The Hidden Environmental Cost of Generative AI

Until OpenAI’s launch of ChatGPT in November 2022, generative artificial intelligence seemed foreign and futuristic to most people. Since then, its widespread adaptation has been transformational – individuals and industry alike, have integrated AI mechanisms into general use, further propelling digital industrial technology and ‘Industry 4.0’. However, this rapid change comes with grave environmental consequences, contributing to rising greenhouse gas emissions, skyrocketing energy demands, increased electrical waste and freshwater depletion.

GenAI has been hailed as a game changer for improving efficiency and reducing human error, based on innovation previously thought unachievable. JP Morgan Research estimates it may increase the world’s GDP by up to 10%, yet critical voices point out the real-life trade-offs that such possibilities are based on. MIT’s Climate & Sustainability Consortium warns of the environmental impacts that go hand in hand with training these generative models, for example, AI’s increased need for electricity and computing power which has led to further resource depletion. Sam Altman himself, OpenAI’s CEO and co-founder, has admitted that AI’s energy needs are ‘vastly greater than expected’ and would be unsustainable without a breakthrough.
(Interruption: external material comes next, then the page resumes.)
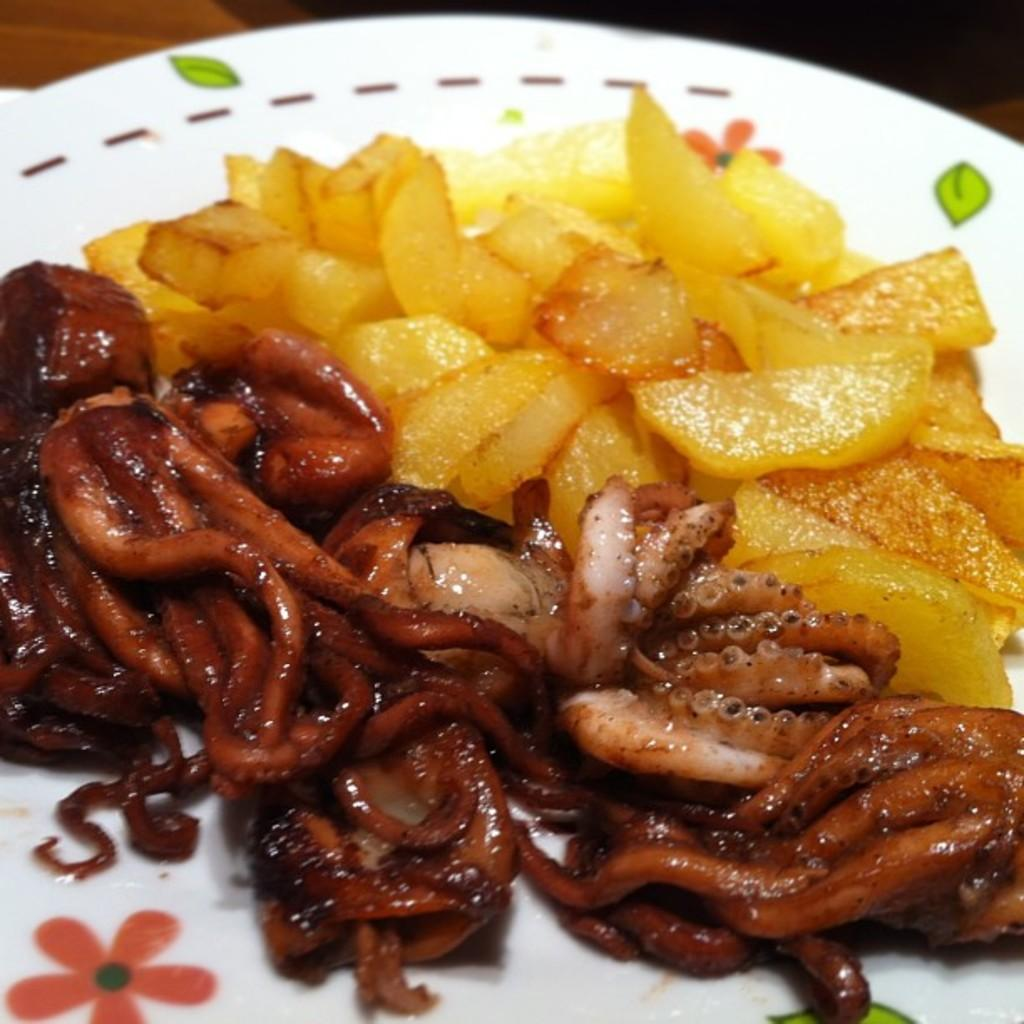What is the color of the plate in the image? The plate in the image is white. What is on the plate? There is food on the plate. What colors can be seen in the food? The food has yellow, white, and brown colors. How many flowers are on the plate in the image? There are no flowers present on the plate in the image.

To understand AI’s carbon footprint, a solid grasp of the mechanism behind it is essential. When we type something into Google’s multimodal chatbot Gemini or use ChatGPT, the output generated within seconds is dependent on the energy and emissions that went into training the underlying algorithm, the manufacturing for the necessary equipment, as well as the energy needed to process our query. Computer scientist Kate Saenko has presented the public with a general rule: the more powerful an AI tool is, the more energy it consumes. However, in terms of total emissions, this rule does not factor in a variety of different indicators. Google research indicates that the carbon footprint associated with training an AI model of the same size can vary drastically – by as much as 100 to 1000 times – depending on the choice of Deep Neural Network algorithm, data centre, and processor type.

 Currently the configuration of every AI model requires thousands of megawatt hours of electricity. GPT3 alone produced more than 500 tons of carbon dioxide, and with the need for constant retraining and development of different specialised models, up to 6% of the entire United States’ electricity consumption may be used for the data centres driving AI by 2026. From now until 2026, AI’s energy needs are set to increase by at least ten times the current level, putting further pressure on our energy grids – that is more than all of Belgium uses in a year. Additionally, cooling AI systems’ processors requires enormous amounts of freshwater. Water use is projected to reach up to 6.6 billion m³ by 2027. While the frequency and severity of droughts increase globally, most of the water used for AI is simply ‘lost’ after evaporating into the atmosphere.

Climate change and resource depletion affect everyone, however, they do so unequally. Vulnerable communities bear a disproportionate burden extending beyond those living near data centres that consume their freshwater or regions left with its electronic waste. Generative AI’s benefits are not equally shared either, as some gain from increased efficiency while others face the brunt of the consequences. AI’s negative environmental effects are also set to amplify social stressors and to further fuel disproportionate negative health and environmental outcomes.

Neither downplaying GenAI’s environmental costs nor waiting for a miraculous technological fix, as Sam Altman or other Silicon Valley voices suggest, are viable options. Instead, sustainability must be embedded directly into GenAI development. By adopting research-backed practices for reduced environmental harm and aligning AI with digital decarbonisation, AI’s environmental burden can be reduced. However, this can only start to happen once stronger regulation and a clearly defined code of ethics is implemented.